By estimating that Google had 3.5 trillion searches a year in early 2023 based on Microsoft's disclosure that it had 10 billion searches a day around that time, the analysts found that OpenAI isn't hurting the search giant just yet. Google first said it was handling "trillions" of searches a year in 2016.

"While this could still play out in the future, the opposite appears to be true over the past two years," the Barclays analysts wrote, referring to ChatGPT's perceived threat to Google's business.

It's unclear how this increase is spread across Google's various Search products. The company has built new AI Search tools such as Lens, which lets users point their phone at something and have Google scan it for relevant information; and Circle to Search, a newer tool that lets users search for information on their phone without leaving their current app.

Then there's AI Overviews, the biggest disruptor to Google's classic page of 10 blue links. These provide direct answers to queries right at the top of the search page. Their prevalence has ebbed and flowed, in part thanks to some unfortunate snafus (glue pizza, anyone?) that led to Google scaling back AI Overviews last year.
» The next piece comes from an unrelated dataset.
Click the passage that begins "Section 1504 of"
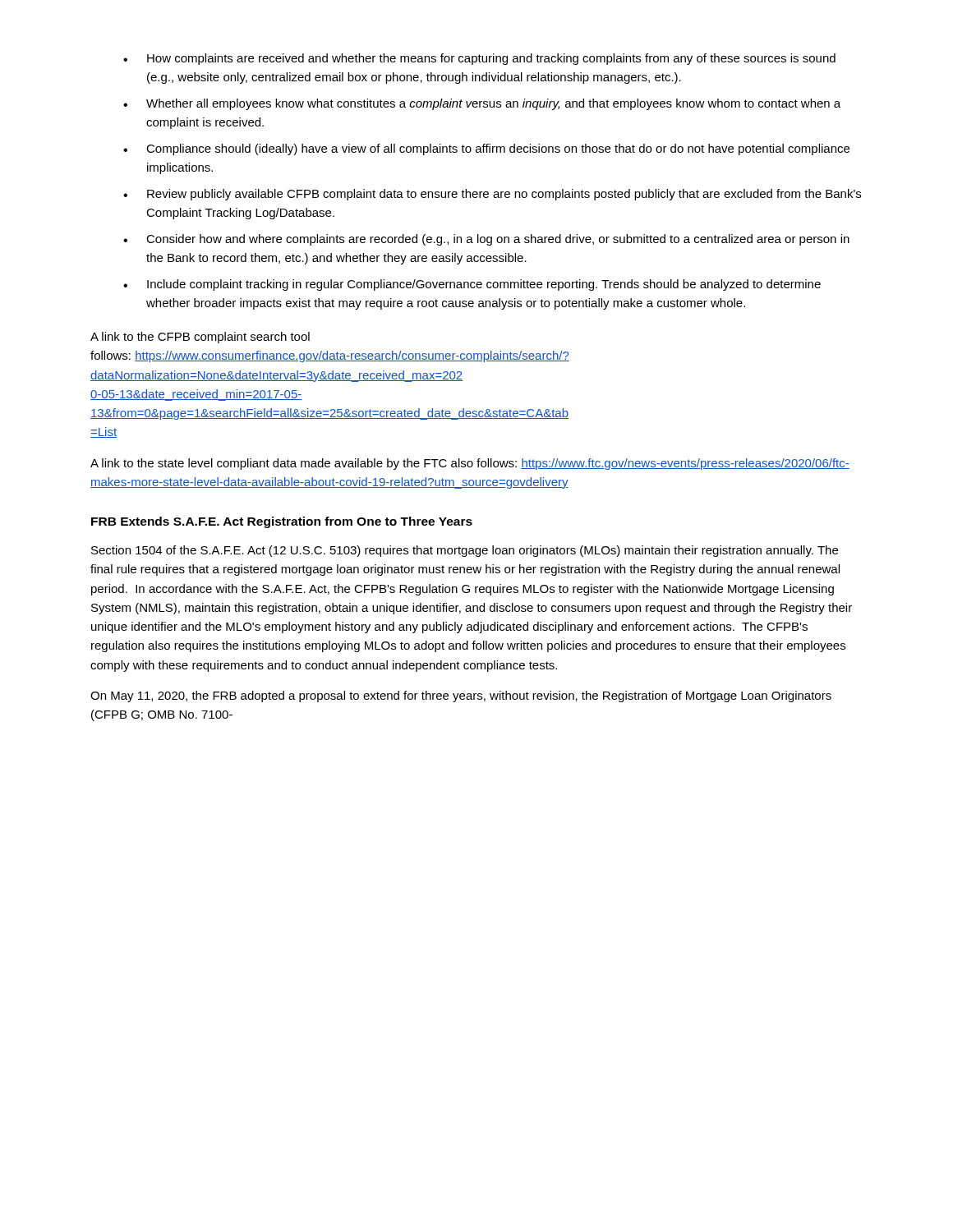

Jim Yu, CEO of the SEO firm BrightEdge, told BI last week that he has seen more user-generated content appear in Search AI Overviews in recent weeks. This suggests that Google is becoming more confident again in pulling from sources such as Reddit.

The arrival of AI agents may shake things up. Barclays analysts wrote, "most of the behavior on products like ChatGPT are non-commercial in intent," though AI agents have the potential to change that. Google is building its own agents, of course. As these get adopted broadly, they could completely change the web as we know it.